Using the same method as before:
props <- tapply(data$PROPDMG, data$EVTYPE, sum)
bool <- props != 0
props <- props[which(bool)]
crops <- tapply(data$CROPDMG, data$EVTYPE, sum)
bool <- crops != 0
crops <- crops[which(bool)]
Then we plot the data to barplots, setting the appropriate attributes for the plot to be as descriptive as possible:
props <- sort(props,TRUE)
crops <- sort(crops,TRUE)
par(mfrow = c(1, 2), las = 2, mar = c(6, 4, 2, 2))
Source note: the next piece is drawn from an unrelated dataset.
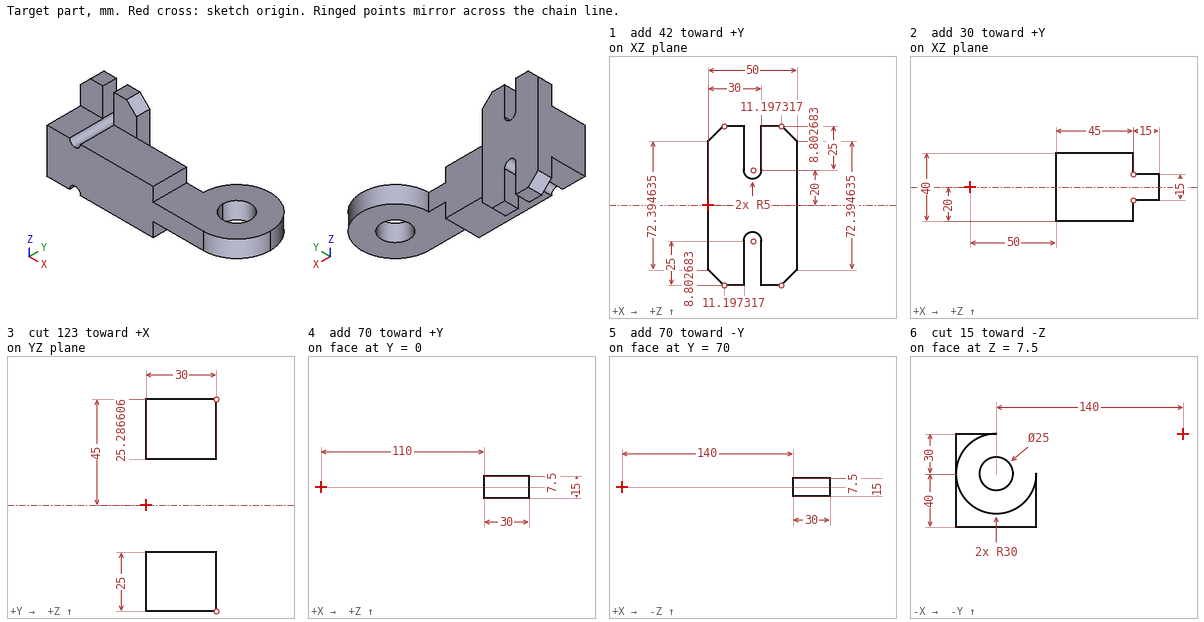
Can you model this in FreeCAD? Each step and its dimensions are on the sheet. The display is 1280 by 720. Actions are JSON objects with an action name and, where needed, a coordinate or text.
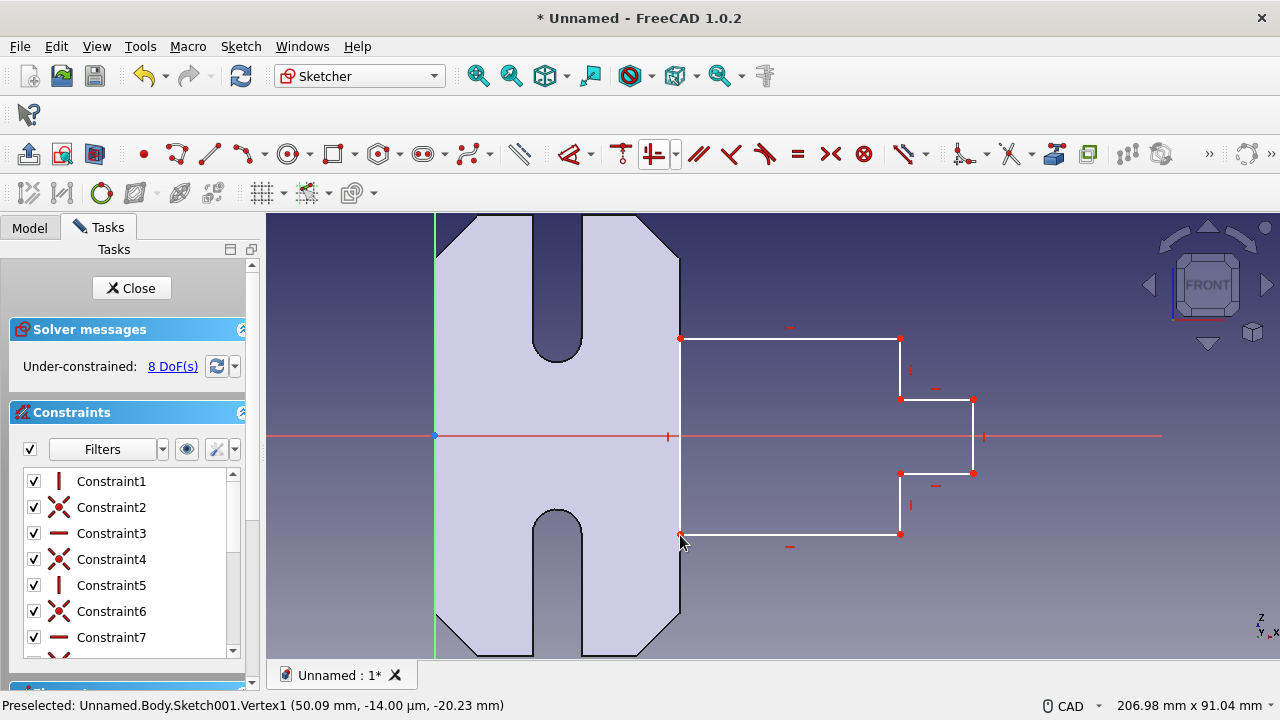
{"action": "left_click", "coordinate": [900, 400]}

barplot(props[1:6], col = c("red", "lightblue", "yellow", "grey", "blue", "white"), main = "Property Damage by Disaster")
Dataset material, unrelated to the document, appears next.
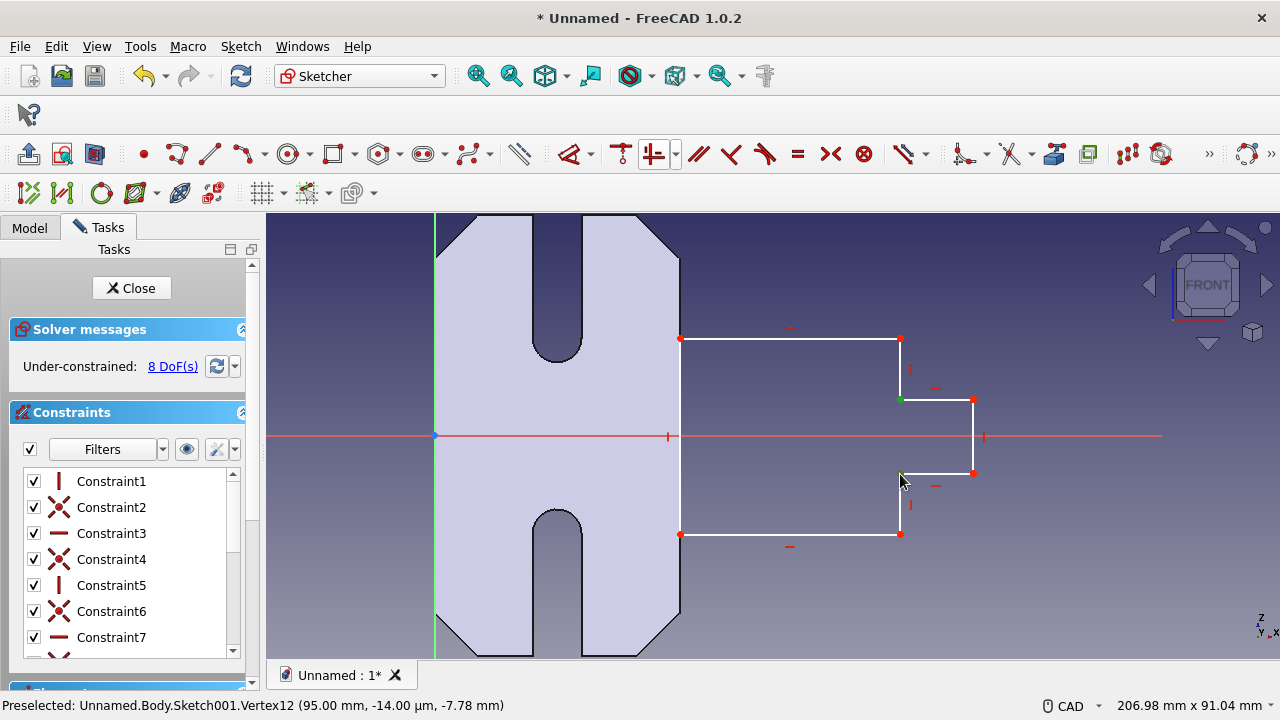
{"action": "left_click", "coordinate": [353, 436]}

barplot(crops[1:6], col = c("red", "lightblue", "yellow", "grey", "blue", "white"), main = "Crop Damage by Disaster")
From the above plots we can see that by far the most harmful disaster to property is flooding followed by hurricanes, while to crops the first place goes to drought, followed by flooding.
As we discovered from our plots, we can see that by far the most harmful disaster to public health is tornadoes. Regarding the property damage, the most harmful disasters are flooding followed by hurricanes and to crops the most harmful ones are drought followed by flooding.
This report should indicate where the resources to both prevention and protection from these natural disasters should be allocated.